▶ _EXERCISE_
Match on the string "greater" in the entries below and return every matching line.

START EXERCISE DATA

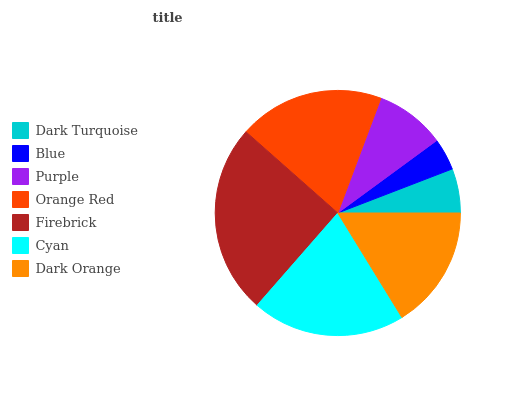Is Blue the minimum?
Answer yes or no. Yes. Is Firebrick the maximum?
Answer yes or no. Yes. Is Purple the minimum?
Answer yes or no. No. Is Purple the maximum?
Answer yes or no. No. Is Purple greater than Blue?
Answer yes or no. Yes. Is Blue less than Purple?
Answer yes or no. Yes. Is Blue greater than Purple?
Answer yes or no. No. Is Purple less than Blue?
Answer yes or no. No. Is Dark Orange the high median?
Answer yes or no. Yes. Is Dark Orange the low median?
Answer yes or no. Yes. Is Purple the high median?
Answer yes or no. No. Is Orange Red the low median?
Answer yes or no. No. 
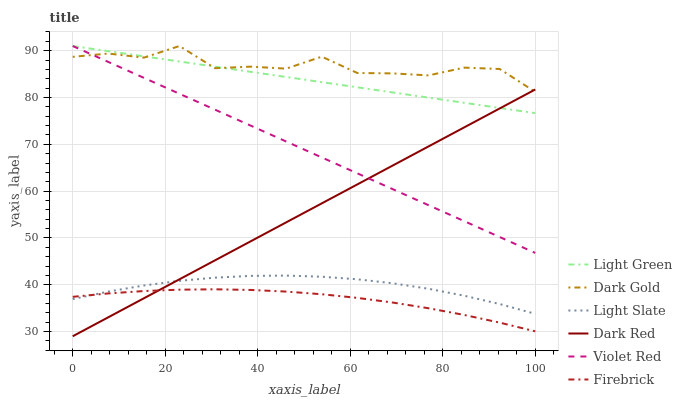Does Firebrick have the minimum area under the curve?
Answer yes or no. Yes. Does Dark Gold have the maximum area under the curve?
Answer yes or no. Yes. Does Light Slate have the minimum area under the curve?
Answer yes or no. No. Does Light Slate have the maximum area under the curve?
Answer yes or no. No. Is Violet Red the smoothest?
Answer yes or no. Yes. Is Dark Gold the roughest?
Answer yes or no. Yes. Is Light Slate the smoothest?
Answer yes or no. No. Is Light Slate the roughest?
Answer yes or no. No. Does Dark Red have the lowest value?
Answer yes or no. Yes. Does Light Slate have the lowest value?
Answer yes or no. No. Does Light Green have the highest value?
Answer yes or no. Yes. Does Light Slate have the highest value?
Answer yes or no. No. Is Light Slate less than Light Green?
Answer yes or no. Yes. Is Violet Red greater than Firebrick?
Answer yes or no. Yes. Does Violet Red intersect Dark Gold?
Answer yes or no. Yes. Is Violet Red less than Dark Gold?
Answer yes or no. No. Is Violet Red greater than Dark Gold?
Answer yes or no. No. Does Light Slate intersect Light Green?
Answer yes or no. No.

END EXERCISE DATA
START EXERCISE DATA

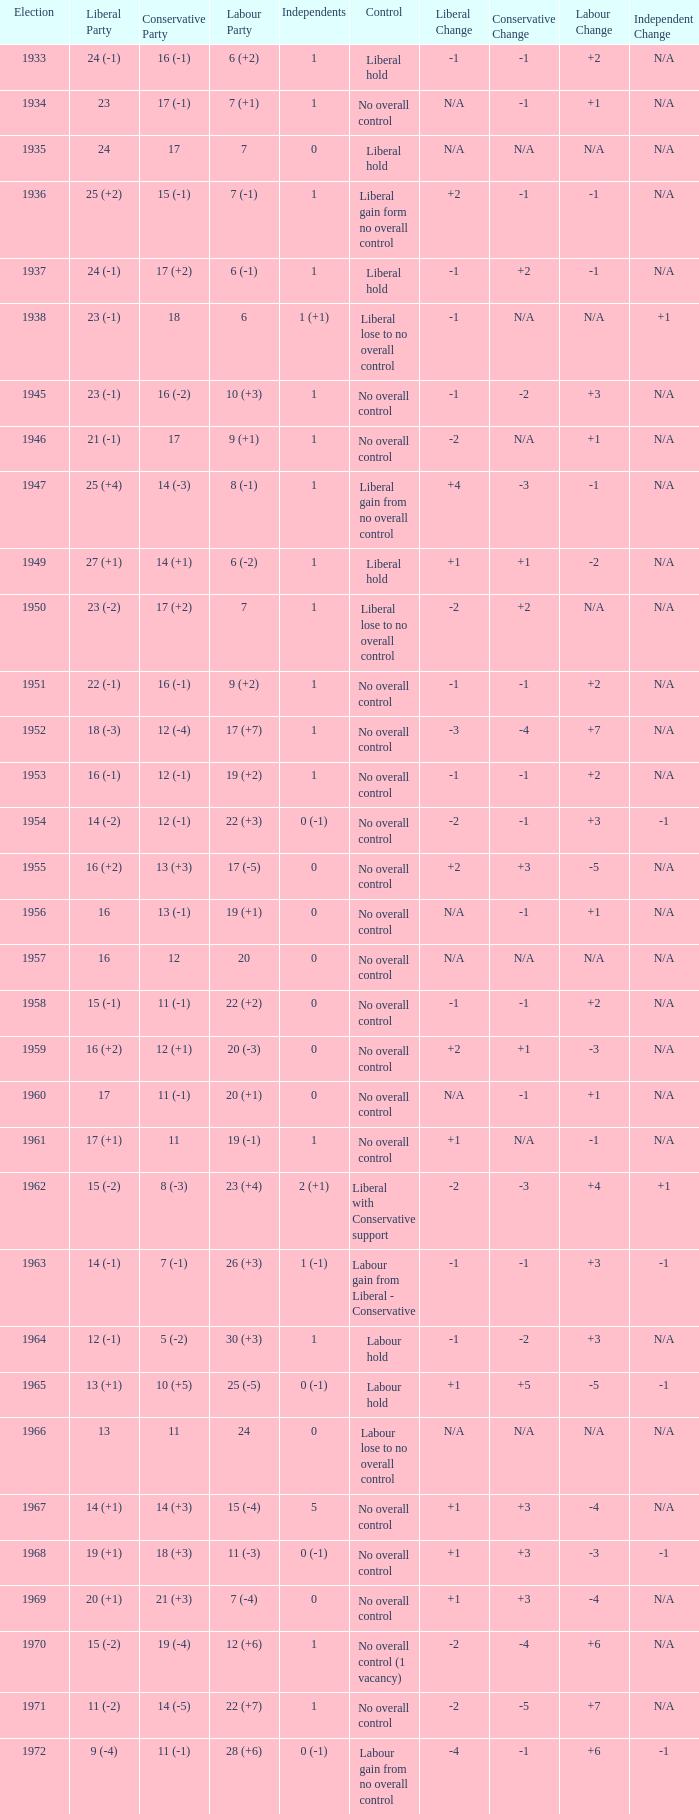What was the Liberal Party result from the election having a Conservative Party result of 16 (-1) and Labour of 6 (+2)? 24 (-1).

END EXERCISE DATA

▶ _WRITTEN SOLUTION_
Answer yes or no. No. Is Purple greater than Blue?
Answer yes or no. Yes. Is Blue greater than Purple?
Answer yes or no. Yes. Is Violet Red greater than Firebrick?
Answer yes or no. No. Is Violet Red greater than Dark Gold?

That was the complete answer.